Ghanaian singer and songwriter (born 2001)

Moliy Ama Montgomery (born 4 October 2001) is a Ghanaian-American singer and songwriter. She rose to stardom after her 2021 collaborative single with Amaarae "Sad Girlz Luv Money" (featuring Kali Uchis) became a chart success, debuting at number 80 on the US Billboard Hot 100 and peaking at number 29 in the United Kingdom.

== Early life ==
Moliy was born and brought up in Accra, Ghana. She spent time in both Ghana and the United States during her upbringing. She moved to the United States for college but later returned to Ghana in 2019, citing difficulties with adjusting to academic and financial pressures abroad. Her decision to return was followed by the start of her music career in Ghana. She moved to Florida in 2021. In interviews, she has discussed how her early creative efforts included sharing freestyles and original material on social media platforms. These activities eventually contributed to her recognition in the local music scene.

== Career ==
Moliy has stated that her songwriting often reflects personal experiences and observations. She has also addressed topics related to identity and artistic independence in several public interviews. In 2020, Moliy released her debut EP Wondergirl, which gained airplay in The Gambia and Nigeria as well as Kenya.
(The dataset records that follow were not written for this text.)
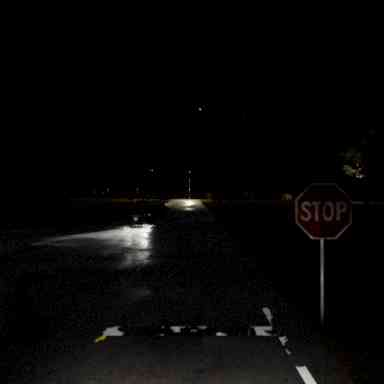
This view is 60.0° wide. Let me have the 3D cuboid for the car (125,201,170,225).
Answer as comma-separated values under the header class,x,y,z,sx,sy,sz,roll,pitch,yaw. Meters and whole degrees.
class,x,y,z,sx,sy,sz,roll,pitch,yaw
car,-2.951,1.387,23.061,2.128,1.511,4.902,1,1,13
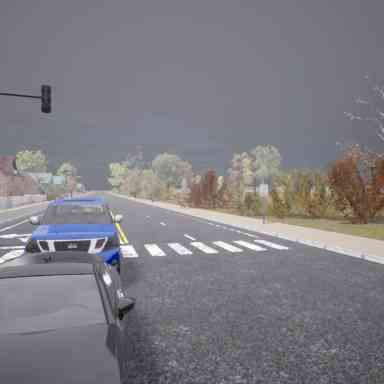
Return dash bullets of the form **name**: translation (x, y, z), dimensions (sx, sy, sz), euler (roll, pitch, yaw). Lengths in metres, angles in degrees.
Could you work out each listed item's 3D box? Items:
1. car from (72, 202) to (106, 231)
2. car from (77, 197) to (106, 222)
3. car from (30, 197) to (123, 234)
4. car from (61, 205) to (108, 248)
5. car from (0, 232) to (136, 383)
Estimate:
- **car**: translation (-6.650, 1.468, 21.737), dimensions (1.882, 1.535, 5.008), euler (0, 0, -16)
- **car**: translation (-8.239, 1.338, 27.462), dimensions (2.097, 1.767, 4.553), euler (0, 0, -16)
- **car**: translation (-3.363, 1.218, 9.936), dimensions (2.150, 2.045, 5.566), euler (0, 0, -16)
- **car**: translation (-5.052, 1.499, 15.999), dimensions (1.837, 1.490, 4.892), euler (0, 0, -16)
- **car**: translation (-1.693, 1.524, 3.855), dimensions (1.812, 1.442, 4.674), euler (0, 0, -13)
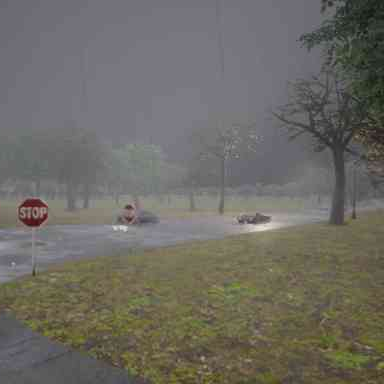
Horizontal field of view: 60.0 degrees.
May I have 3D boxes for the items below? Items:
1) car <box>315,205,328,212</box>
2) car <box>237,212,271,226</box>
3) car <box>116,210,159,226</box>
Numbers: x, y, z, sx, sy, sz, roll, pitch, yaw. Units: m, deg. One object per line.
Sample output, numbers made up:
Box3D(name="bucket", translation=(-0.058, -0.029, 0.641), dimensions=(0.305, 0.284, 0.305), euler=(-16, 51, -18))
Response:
Box3D(name="car", translation=(32.343, 3.946, 82.977), dimensions=(2.097, 1.767, 4.553), euler=(1, -1, 36))
Box3D(name="car", translation=(6.710, 2.826, 35.294), dimensions=(1.895, 1.301, 4.718), euler=(1, -1, 36))
Box3D(name="car", translation=(-5.006, 2.388, 30.979), dimensions=(1.994, 1.385, 4.181), euler=(1, -1, 36))
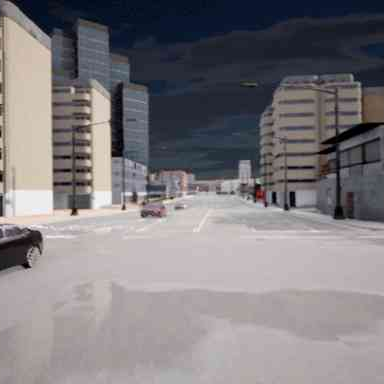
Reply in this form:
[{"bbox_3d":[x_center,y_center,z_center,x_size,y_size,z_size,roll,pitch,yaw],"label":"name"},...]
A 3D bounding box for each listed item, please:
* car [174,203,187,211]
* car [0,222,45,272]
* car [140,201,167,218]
[{"bbox_3d":[-2.054,2.529,59.285,1.895,1.301,4.718,-1,-1,4],"label":"car"},{"bbox_3d":[-5.931,1.626,9.022,2.128,1.511,4.902,-1,0,5],"label":"car"},{"bbox_3d":[-3.950,1.764,34.505,2.097,1.767,4.553,-1,-1,4],"label":"car"}]
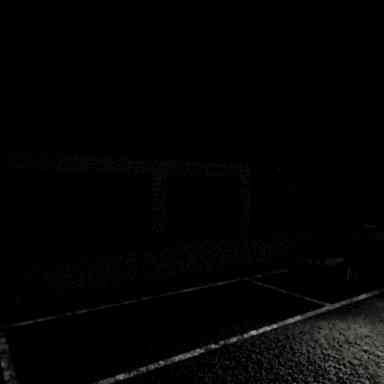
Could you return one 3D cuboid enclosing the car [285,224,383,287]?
[{"bbox_3d":[4.408,1.560,9.143,4.206,1.307,1.802,0,0,-34],"label":"car"}]
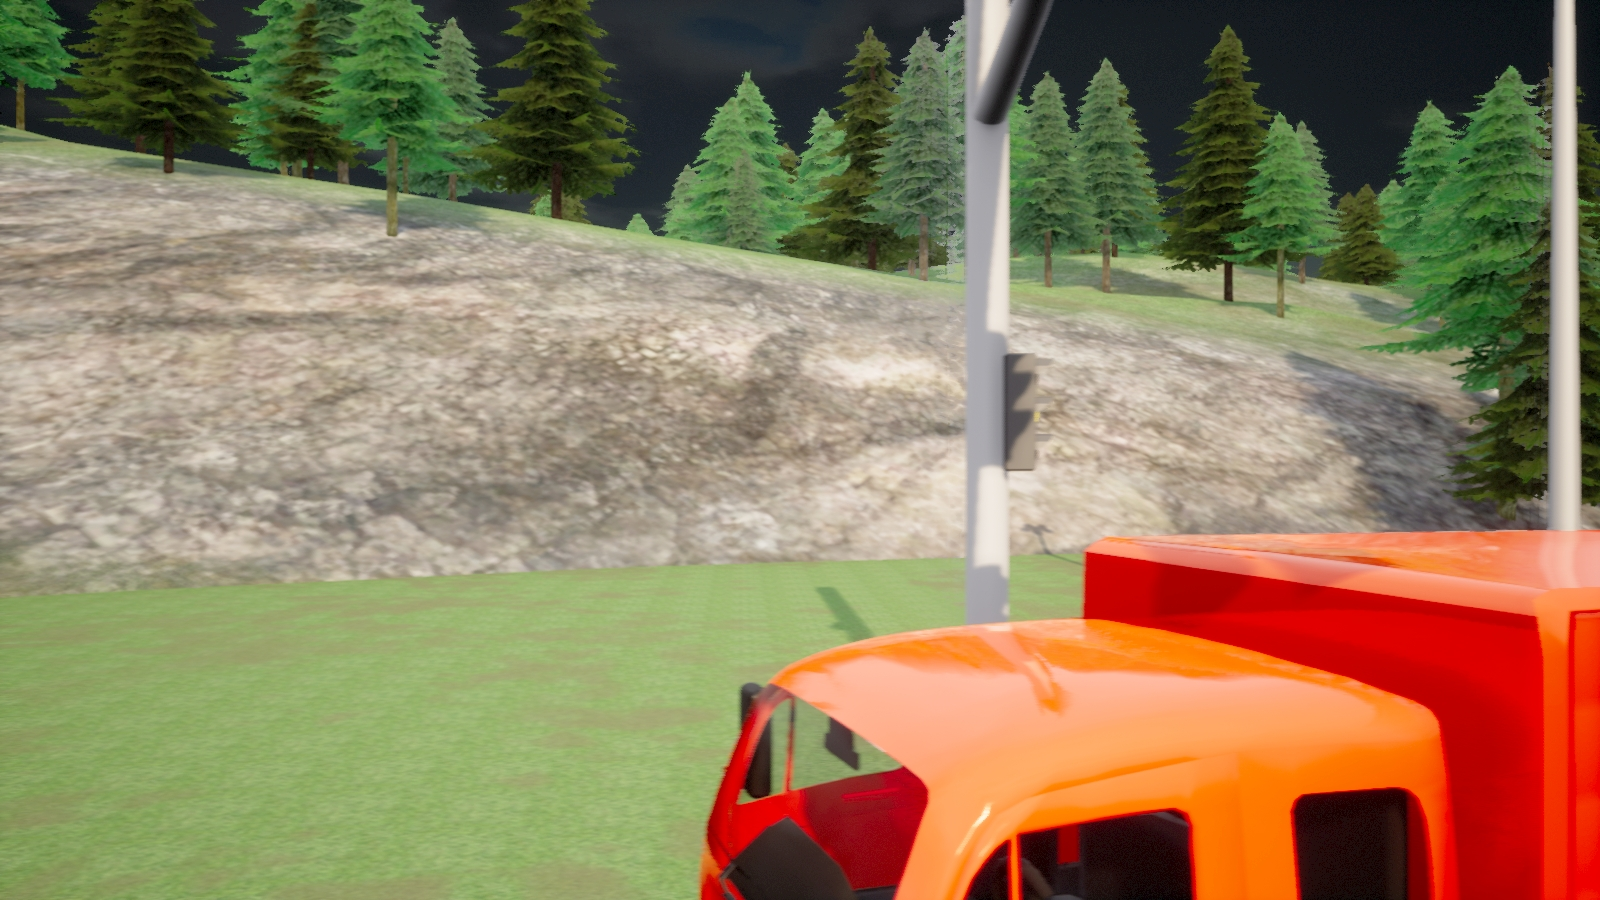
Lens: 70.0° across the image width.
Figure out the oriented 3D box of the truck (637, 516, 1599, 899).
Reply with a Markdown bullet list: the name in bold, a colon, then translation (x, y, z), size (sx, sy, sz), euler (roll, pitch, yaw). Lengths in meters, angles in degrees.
- **truck**: translation (2.248, 1.572, 4.047), size (5.204, 2.467, 2.627), euler (0, 0, -19)

In 2024, Moliy released "Shake It to the Max (Fly)" with the Jamaican-born producer Silent Addy. The song gained traction on TikTok, and charted in the United Kingdom at number one on the UK Afrobeats Singles Chart and number 13 on the UK singles chart, making it her second hit single.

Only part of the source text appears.